La pression diplomatique et économique s’intensifie entre Washington et La Havane. Lors d’une intervention publique en Floride ce lundi, le président des États-Unis, Donald Trump, a abordé la crise multiforme qui frappe actuellement l’île caribéenne, n’hésitant pas à formuler des perspectives radicales sur l’avenir des relations bilatérales.

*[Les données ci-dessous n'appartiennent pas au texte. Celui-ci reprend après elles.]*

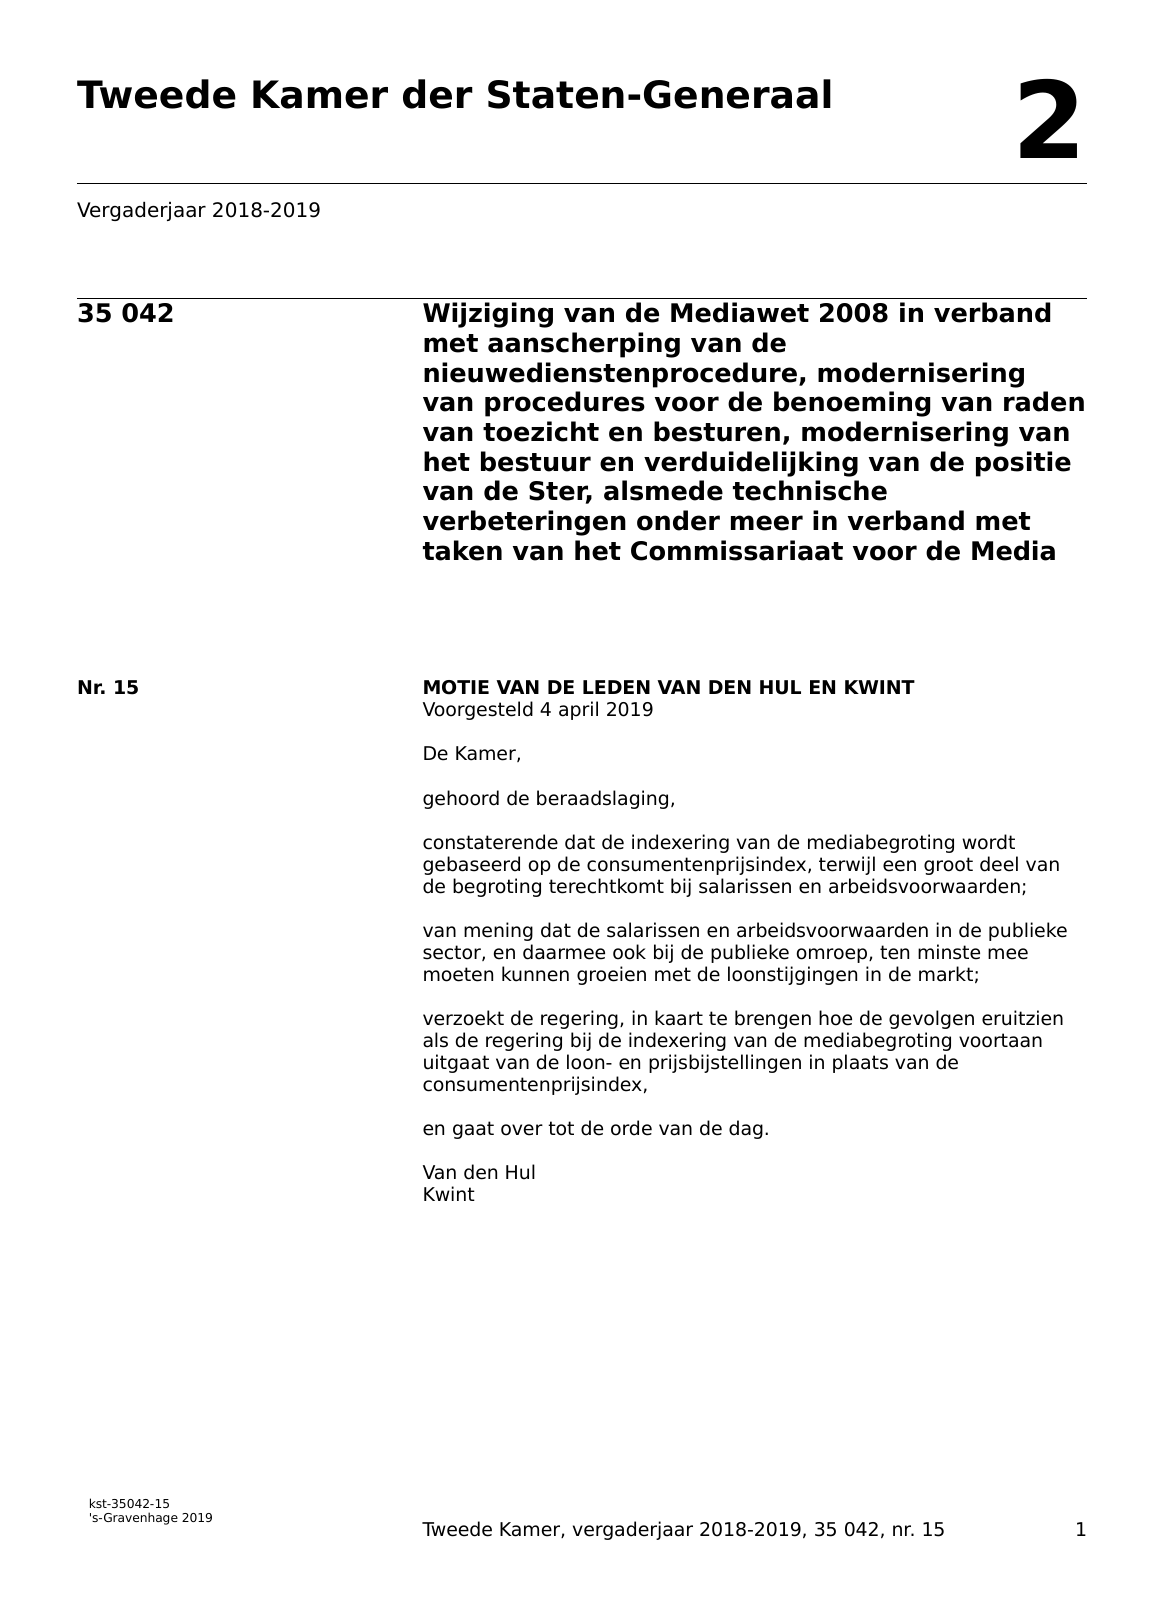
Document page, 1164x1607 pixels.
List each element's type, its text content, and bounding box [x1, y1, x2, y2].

subtitle Nr. 15 MOTIE VAN DE LEDEN VAN DEN HUL EN KWINT [77, 677, 1087, 699]
text constaterende dat de indexering van de mediabegroting wordt gebaseerd op de consumentenprijsindex, terwijl een groot deel van de begroting terechtkomt bij salarissen en arbeidsvoorwaarden; [422, 832, 1087, 898]
table_header 2 [886, 59, 1087, 183]
table_header Tweede Kamer der Staten-Generaal [77, 59, 886, 183]
text Kwint [422, 1184, 1087, 1206]
text kst-35042-15 [88, 1497, 323, 1511]
text gehoord de beraadslaging, [422, 787, 1087, 809]
text van mening dat de salarissen en arbeidsvoorwaarden in de publieke sector, en daarmee ook bij de publieke omroep, ten minste mee moeten kunnen groeien met de loonstijgingen in de markt; [422, 920, 1087, 986]
text Voorgesteld 4 april 2019 [422, 699, 1087, 721]
text Van den Hul [422, 1162, 1087, 1184]
text en gaat over tot de orde van de dag. [422, 1118, 1087, 1140]
text verzoekt de regering, in kaart te brengen hoe de gevolgen eruitzien als de regering bij de indexering van de mediabegroting voortaan uitgaat van de loon- en prijsbijstellingen in plaats van de consumentenprijsindex, [422, 1008, 1087, 1096]
text De Kamer, [422, 743, 1087, 765]
subtitle 35 042 Wijziging van de Mediawet 2008 in verband met aanscherping van de nieuwedienstenprocedure, modernisering van procedures voor de benoeming van raden van toezicht en besturen, modernisering van het bestuur en verduidelijking van de positie van de Ster, alsmede technische verbeteringen onder meer in verband met taken van het Commissariaat voor de Media [77, 299, 1087, 566]
table_cell Vergaderjaar 2018-2019 [77, 184, 1087, 298]
text 's-Gravenhage 2019 [88, 1511, 323, 1525]
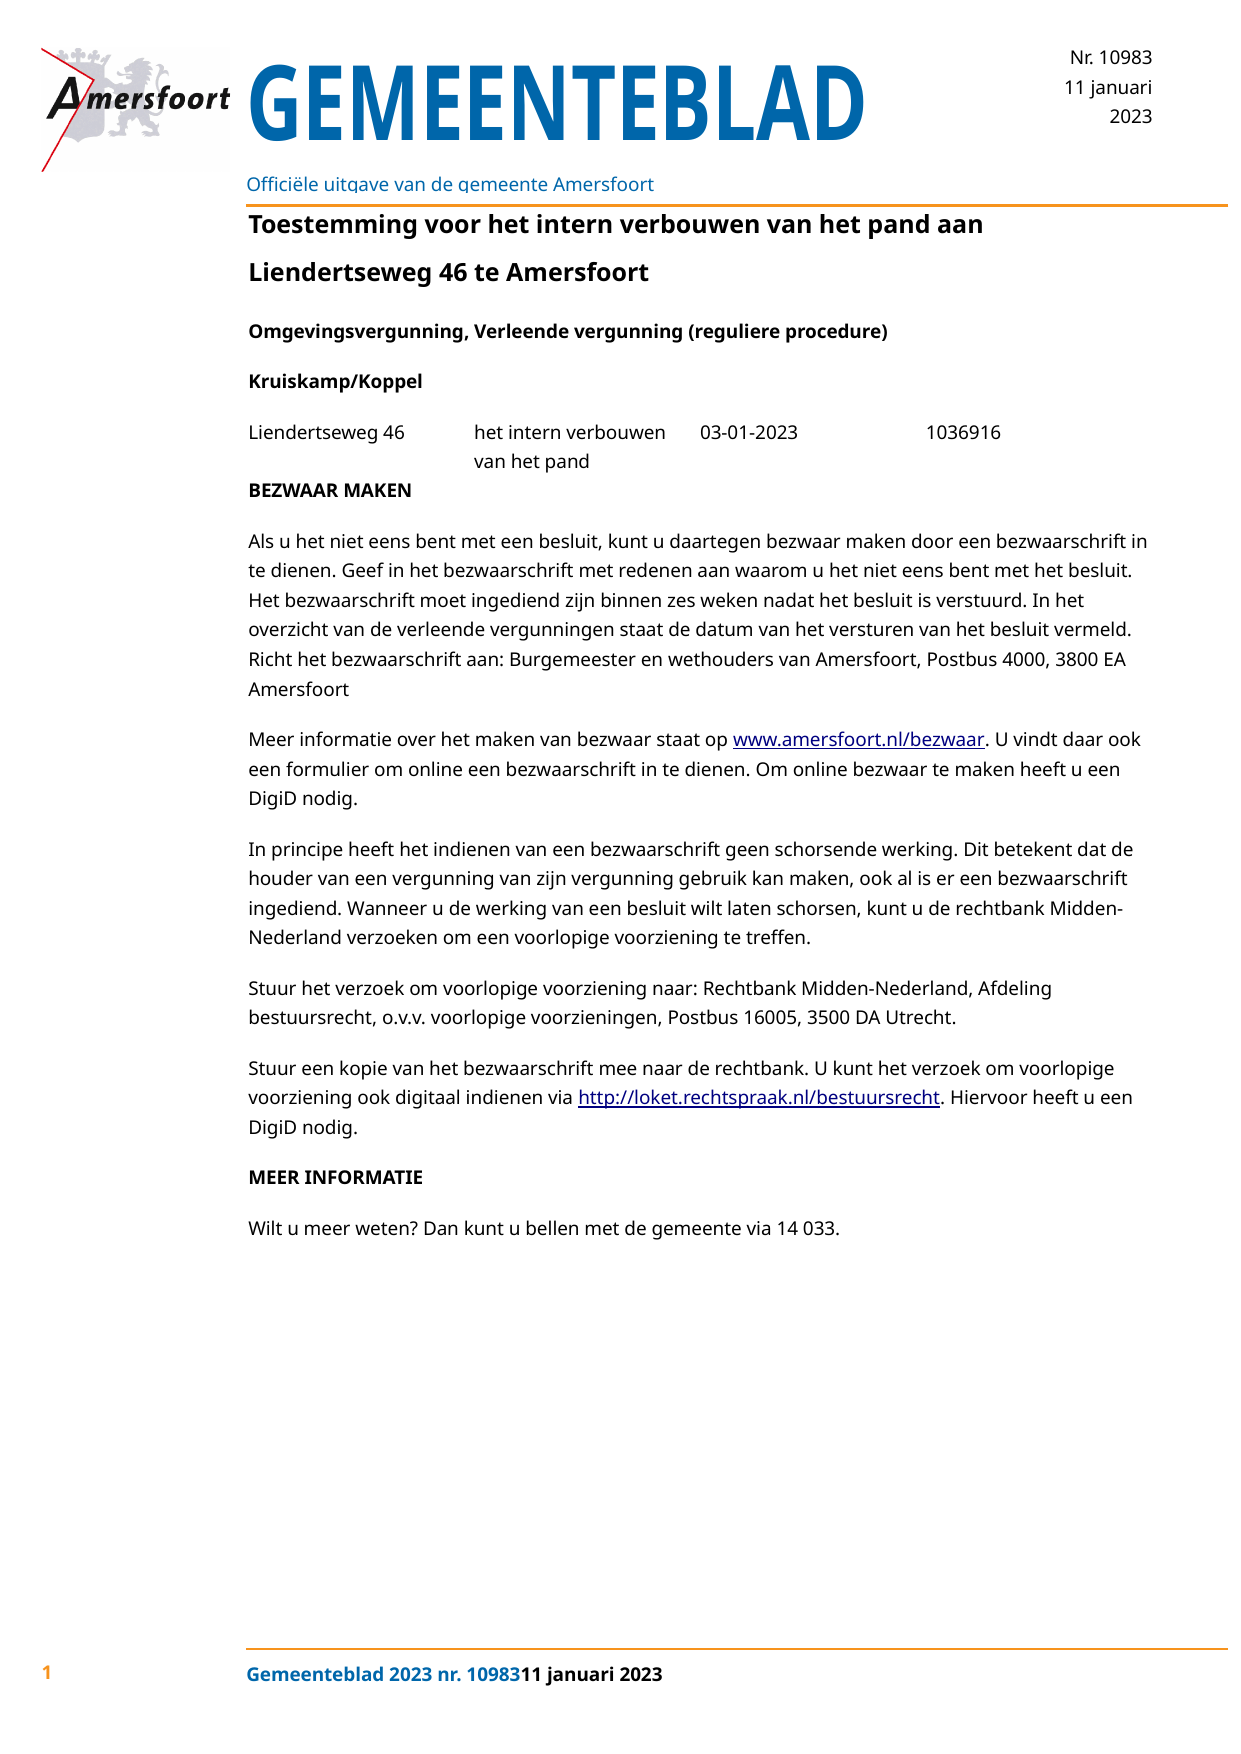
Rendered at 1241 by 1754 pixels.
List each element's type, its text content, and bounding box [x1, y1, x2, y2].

text MEER INFORMATIE [248, 1164, 1152, 1190]
picture [41, 47, 231, 172]
text Toestemming voor het intern verbouwen van het pand aan Liendertseweg 46 te Amersfoort [248, 207, 1152, 288]
text Stuur het verzoek om voorlopige voorziening naar: Rechtbank Midden-Nederland, Afdeling bestuursrecht, o.v.v. voorlopige voorzieningen, Postbus 16005, 3500 DA Utrecht. [248, 975, 1152, 1030]
table_header 03-01-2023 [700, 419, 926, 474]
table_header 1036916 [926, 419, 1152, 474]
table_header Liendertseweg 46 [248, 419, 474, 474]
text Als u het niet eens bent met een besluit, kunt u daartegen bezwaar maken door een bezwaarschrift in te dienen. Geef in het bezwaarschrift met redenen aan waarom u het niet eens bent met het besluit. Het bezwaarschrift moet ingediend zijn binnen zes weken nadat het besluit is verstuurd. In het overzicht van de verleende vergunningen staat de datum van het versturen van het besluit vermeld. Richt het bezwaarschrift aan: Burgemeester en wethouders van Amersfoort, Postbus 4000, 3800 EA Amersfoort [248, 528, 1152, 701]
text BEZWAAR MAKEN [248, 477, 1152, 503]
text Kruiskamp/Koppel [248, 368, 1152, 394]
text In principe heeft het indienen van een bezwaarschrift geen schorsende werking. Dit betekent dat de houder van een vergunning van zijn vergunning gebruik kan maken, ook al is er een bezwaarschrift ingediend. Wanneer u de werking van een besluit wilt laten schorsen, kunt u de rechtbank Midden-Nederland verzoeken om een voorlopige voorziening te treffen. [248, 836, 1152, 950]
text Wilt u meer weten? Dan kunt u bellen met de gemeente via 14 033. [248, 1215, 1152, 1241]
text Stuur een kopie van het bezwaarschrift mee naar de rechtbank. U kunt het verzoek om voorlopige voorziening ook digitaal indienen via http://loket.rechtspraak.nl/bestuursrecht. Hiervoor heeft u een DigiD nodig. [248, 1055, 1152, 1140]
text Omgevingsvergunning, Verleende vergunning (reguliere procedure) [248, 318, 1152, 344]
table_header het intern verbouwen van het pand [474, 419, 700, 474]
text Meer informatie over het maken van bezwaar staat op www.amersfoort.nl/bezwaar. U vindt daar ook een formulier om online een bezwaarschrift in te dienen. Om online bezwaar te maken heeft u een DigiD nodig. [248, 726, 1152, 811]

Selon les informations rapportées par l’agence Anadolu, le locataire de la Maison-Blanche a ouvertement évoqué l’hypothèse d’une éventuelle « prise de contrôle amicale » de Cuba par les États-Unis. Une option qui, a-t-il immédiatement précisé, « pourrait ne pas être amicale », marquant ainsi une escalade verbale face à un pays qu’il décrit comme étant à bout de souffle.
Pour justifier cette posture, Donald Trump a dressé un tableau particulièrement sombre de la situation intérieure cubaine. « Ils sont, comme on dit, au bout du rouleau. Ils n’ont ni énergie, ni argent. Sur le plan humanitaire, ils sont en grande difficulté », a-t-il affirmé lors de sa conférence de presse. L’isolement économique de l’île a été assumé et revendiqué par le président américain, soulignant que Washington a coupé Cuba du reste du monde.
Le dossier est actuellement piloté au plus haut niveau de la diplomatie américaine. Le secrétaire d’État, Marco Rubio, mène directement les discussions avec les autorités cubaines. Face à l’urgence de la situation, Donald Trump a conclu son intervention par une alternative stricte concernant l’issue de ces pourparlers : « Ils vont soit conclure un accord, soit nous le ferons tout aussi facilement. »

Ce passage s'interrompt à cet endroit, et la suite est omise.